Maximizing efficiency in greenhouse heating systems: Why now is the time to upgrade

One area that is frequently overlooked when considering energy conservation is the heating system. Energy audits show that many existing heating units are operating at 60% to 75% efficiency. With the high cost of fuels, now may be the time to replace these with new condensing-type boilers and heaters with more than 90% efficiency.

Although only natural gas and propane-fired units are currently readily available, development of fuel oil technology is progressing in both the U.S. and Europe. Currently, natural gas and propane fuels are competitive on a million Btu basis to fuel oil in many parts of North America.

How is high efficiency achieved compared to conventional units that typically operate at less than 75%? When fuel oil, propane and natural gas are burned, water as steam is one of the by-products. Burning 1 gallon of fuel oil will produce about 0.98 gallons of water; burning 1 gallon of propane will produce about 0.82 gallons of water; and burning 1 ccf of natural gas will produce about 1.16 gallons of water.

In a non-condensing boiler or furnace, this 500 to 600 °F water vapor (along with the other by-products) normally goes up the stack and is exhausted into the atmosphere. This high temperature is needed to avoid excessive flue condensation or damage to the boiler from the acidic condensate.

A condensing boiler incorporates an extra heat exchanger in the flue gas exhaust system so that the water vapor condenses back to a liquid. This process captures up to 8,000 Btu of heat per gallon of condensate, which is as much as 13% of the original fuel energy. The condensate heats the incoming air (if an air-to-air heat exchanger is used) or pre-heats the water (if an air-to-water heat exchanger is used).

After the heat is removed, the low-temperature condensate water and flue gases are exhausted through a corrosion-resistant pipe (usually PVC), eliminating the need for a chimney. In some areas, a neutralizer may need to be added to the condensate to lower the pH. In condensing boilers, air for combustion is supplied from outside the greenhouse rather than using the heated inside air.

Condensing boilers need low temperature return water from the radiators to work best. With water at 130 °F, 15% of the water vapor will condense, whereas at 60 °F, over 90% of the water vapor will condense.

A root zone system is a good example of where it will work well, with supply temperatures usually at 100 to 110 °F and return water at 80 to 90 °F. Efficiency is also affected by the humidity of the air. Under the right operating conditions, condensing boilers can achieve efficiency of 95% or more.

Most boilers with condensing capability have modulating burners that are capable of multiple firing rates. By using embedded control, the firing rate is matched to the heat load needed to give best performance. At low heat needs, the unit is most efficient. At high firing rates, the efficiency may decrease but never be less than a conventional boiler. Variable speed boiler water pumps are frequently installed to increase efficiency.

Today’s boilers are much smaller than the old standard units, as they have much less water in the jacket. They are self-contained so that much of the wiring and plumbing is done before you receive it. This reduces installation time considerably.

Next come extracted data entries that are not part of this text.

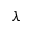<formula> <loc_0><loc_0><loc_500><loc_500>\lambda</formula> 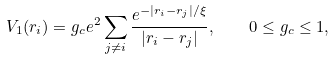<formula> <loc_0><loc_0><loc_500><loc_500>V _ { 1 } ( { r } _ { i } ) = g _ { c } e ^ { 2 } \sum _ { j \ne i } \frac { e ^ { - | { r } _ { i } - { r } _ { j } | / \xi } } { | { r } _ { i } - { r } _ { j } | } , \quad 0 \leq g _ { c } \leq 1 ,</formula> 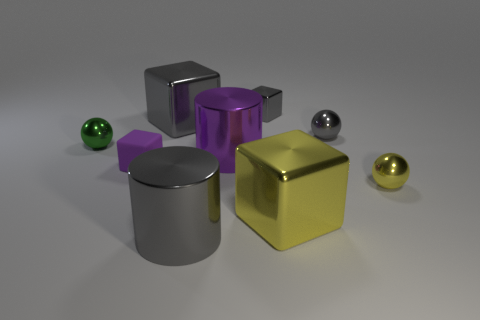Add 1 tiny gray balls. How many objects exist? 10 Subtract all blocks. How many objects are left? 5 Subtract all gray balls. Subtract all gray matte things. How many objects are left? 8 Add 4 green things. How many green things are left? 5 Add 5 tiny purple things. How many tiny purple things exist? 6 Subtract 0 blue cubes. How many objects are left? 9 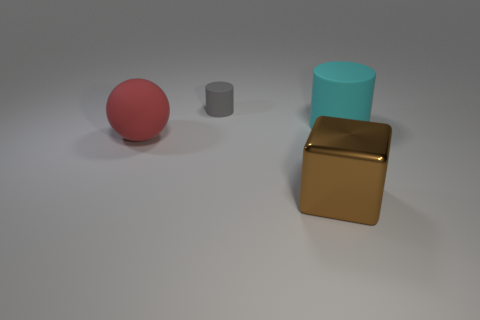Add 3 cyan rubber things. How many objects exist? 7 Subtract all balls. How many objects are left? 3 Subtract all large blue shiny cylinders. Subtract all red things. How many objects are left? 3 Add 2 small gray rubber things. How many small gray rubber things are left? 3 Add 3 cyan rubber objects. How many cyan rubber objects exist? 4 Subtract 0 red cylinders. How many objects are left? 4 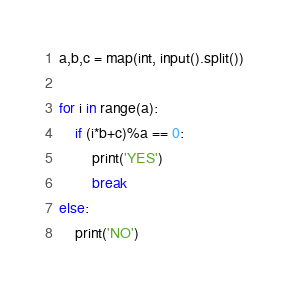<code> <loc_0><loc_0><loc_500><loc_500><_Python_>a,b,c = map(int, input().split())

for i in range(a):
    if (i*b+c)%a == 0:
        print('YES')
        break
else:
    print('NO')
</code> 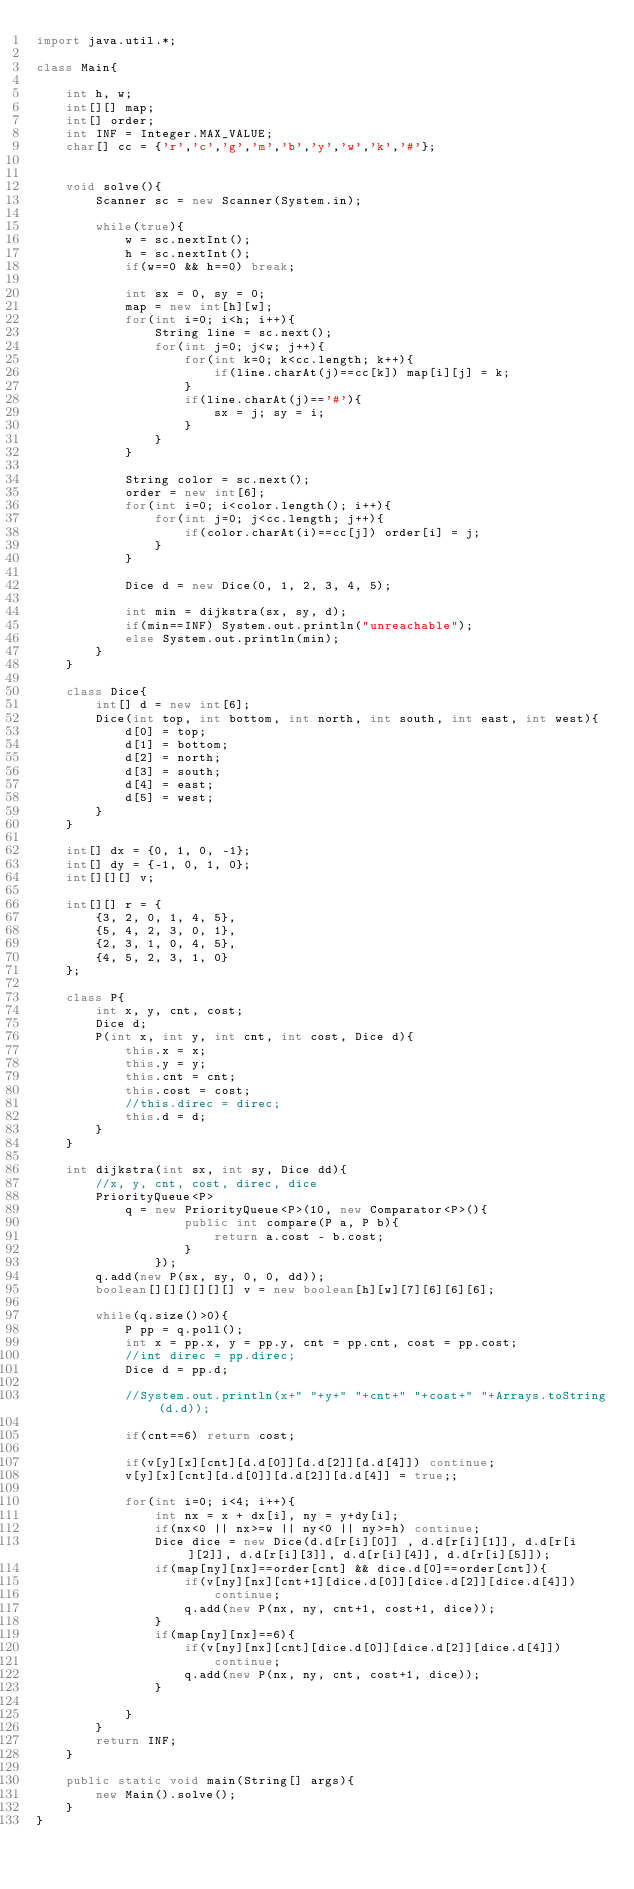<code> <loc_0><loc_0><loc_500><loc_500><_Java_>import java.util.*;
 
class Main{
     
    int h, w;
    int[][] map;
    int[] order;
    int INF = Integer.MAX_VALUE;
    char[] cc = {'r','c','g','m','b','y','w','k','#'};

     
    void solve(){
        Scanner sc = new Scanner(System.in);
         
        while(true){
            w = sc.nextInt();
            h = sc.nextInt();
            if(w==0 && h==0) break;
             
            int sx = 0, sy = 0;
            map = new int[h][w];
            for(int i=0; i<h; i++){
                String line = sc.next();
                for(int j=0; j<w; j++){
                    for(int k=0; k<cc.length; k++){
                        if(line.charAt(j)==cc[k]) map[i][j] = k;
                    }
                    if(line.charAt(j)=='#'){
                        sx = j; sy = i;
                    }
                }
            }
             
            String color = sc.next();
            order = new int[6];
            for(int i=0; i<color.length(); i++){
                for(int j=0; j<cc.length; j++){
                    if(color.charAt(i)==cc[j]) order[i] = j;
                }
            }

            Dice d = new Dice(0, 1, 2, 3, 4, 5);
 
            int min = dijkstra(sx, sy, d);
            if(min==INF) System.out.println("unreachable");
            else System.out.println(min);
        }
    }
     
    class Dice{
        int[] d = new int[6];
        Dice(int top, int bottom, int north, int south, int east, int west){
            d[0] = top;
            d[1] = bottom;
            d[2] = north;
            d[3] = south;
            d[4] = east;
            d[5] = west;
        }
    }
     
    int[] dx = {0, 1, 0, -1};
    int[] dy = {-1, 0, 1, 0};
    int[][][] v;
     
    int[][] r = {
        {3, 2, 0, 1, 4, 5},
        {5, 4, 2, 3, 0, 1},
        {2, 3, 1, 0, 4, 5},
        {4, 5, 2, 3, 1, 0}
    };
     
    class P{
        int x, y, cnt, cost;
        Dice d;
        P(int x, int y, int cnt, int cost, Dice d){
            this.x = x;
            this.y = y;
            this.cnt = cnt;
            this.cost = cost;
            //this.direc = direc;
            this.d = d;
        }
    }
 
    int dijkstra(int sx, int sy, Dice dd){
        //x, y, cnt, cost, direc, dice
        PriorityQueue<P> 
            q = new PriorityQueue<P>(10, new Comparator<P>(){
                    public int compare(P a, P b){
                        return a.cost - b.cost;
                    }
                });
        q.add(new P(sx, sy, 0, 0, dd));
        boolean[][][][][][] v = new boolean[h][w][7][6][6][6];
 
        while(q.size()>0){
            P pp = q.poll();
            int x = pp.x, y = pp.y, cnt = pp.cnt, cost = pp.cost;
            //int direc = pp.direc;
            Dice d = pp.d;
 
            //System.out.println(x+" "+y+" "+cnt+" "+cost+" "+Arrays.toString(d.d));
 
            if(cnt==6) return cost;
 
            if(v[y][x][cnt][d.d[0]][d.d[2]][d.d[4]]) continue;
            v[y][x][cnt][d.d[0]][d.d[2]][d.d[4]] = true;;
 
            for(int i=0; i<4; i++){
                int nx = x + dx[i], ny = y+dy[i];
                if(nx<0 || nx>=w || ny<0 || ny>=h) continue;
                Dice dice = new Dice(d.d[r[i][0]] , d.d[r[i][1]], d.d[r[i][2]], d.d[r[i][3]], d.d[r[i][4]], d.d[r[i][5]]);
                if(map[ny][nx]==order[cnt] && dice.d[0]==order[cnt]){
                    if(v[ny][nx][cnt+1][dice.d[0]][dice.d[2]][dice.d[4]])
                        continue;
                    q.add(new P(nx, ny, cnt+1, cost+1, dice));
                }
                if(map[ny][nx]==6){
                    if(v[ny][nx][cnt][dice.d[0]][dice.d[2]][dice.d[4]])
                        continue;
                    q.add(new P(nx, ny, cnt, cost+1, dice));
                }
                 
            }
        }
        return INF;
    }
     
    public static void main(String[] args){
        new Main().solve();
    }
}</code>

Design considerations: Avoid too large of a boiler

Oversizing a boiler can reduce efficiency, as the object is to have it run continuously. This is done by adjusting the firing rate: low fire when minimum heat is needed and high fire for the coldest weather.

Cycling decreases efficiency from startup and shutdown of the operation, as well as increases wear on the boiler. To get the greatest benefit from a condensing unit, it is better to size the boiler for an average winter temperature, not the normal coldest temperature frequently used by engineers. The more continuous operation will keep up with the heat needs better than a unit that cycles.

Condensing hot air unit heaters

These operate with the same basic principle of the boiler that captures excess heat from the exhaust flue gases. Most are designed with a single firing rate. To provide more uniform temperature in the greenhouse, multiple units are frequently installed. This will usually save fuel.

HAF air circulation should be incorporated in the system to keep a uniform temperature and to provide air movement within the crop area.

Although condensing boilers and heaters are more expensive than conventional units, the greater efficiency can offset the additional cost. Check with the USDA Natural Resources Conservation Service for potential incentive payments for replacing existing inefficient boilers and heaters.

Growers with this type of condensing-type technology have found the PVC exhaust system gives greater flexibility to where it can be installed. They also report there are less maintenance needs and middle-of-the-night emergency alarm system calls.